+++ DATA SEGMENT

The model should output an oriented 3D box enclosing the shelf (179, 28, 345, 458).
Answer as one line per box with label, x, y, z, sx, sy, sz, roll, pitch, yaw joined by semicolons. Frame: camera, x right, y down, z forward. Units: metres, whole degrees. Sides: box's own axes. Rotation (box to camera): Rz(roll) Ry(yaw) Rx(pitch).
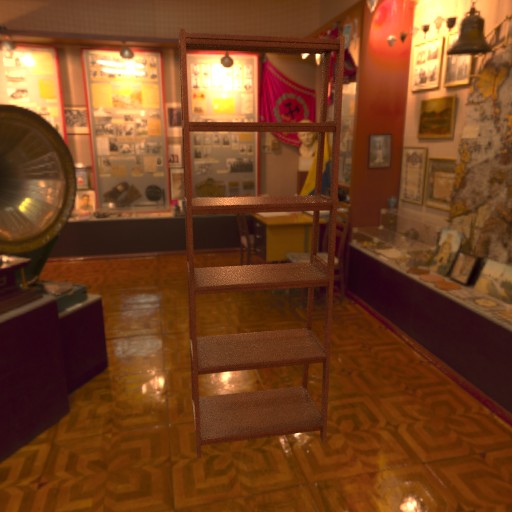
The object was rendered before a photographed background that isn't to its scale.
shelf;0.000;0.000;2.142;0.660;1.892;0.382;-3;15;-11

++++++

EXERCISE AIM :: These lines alone form the answer: the one containing "Answer as one" and every line after it through the end of the material, exactly as written, pictures left out.

RESPONSE TO THIS EXERCISE ::
Answer as one line per box with label, x, y, z, sx, sy, sz, roll, pitch, yaw joined by semicolons. Frame: camera, x right, y down, z forward. Units: metres, whole degrees. Sides: box's own axes. Rotation (box to camera): Rz(roll) Ry(yaw) Rx(pitch).
The object was rendered before a photographed background that isn't to its scale.
shelf;0.000;0.000;2.142;0.660;1.892;0.382;-3;15;-11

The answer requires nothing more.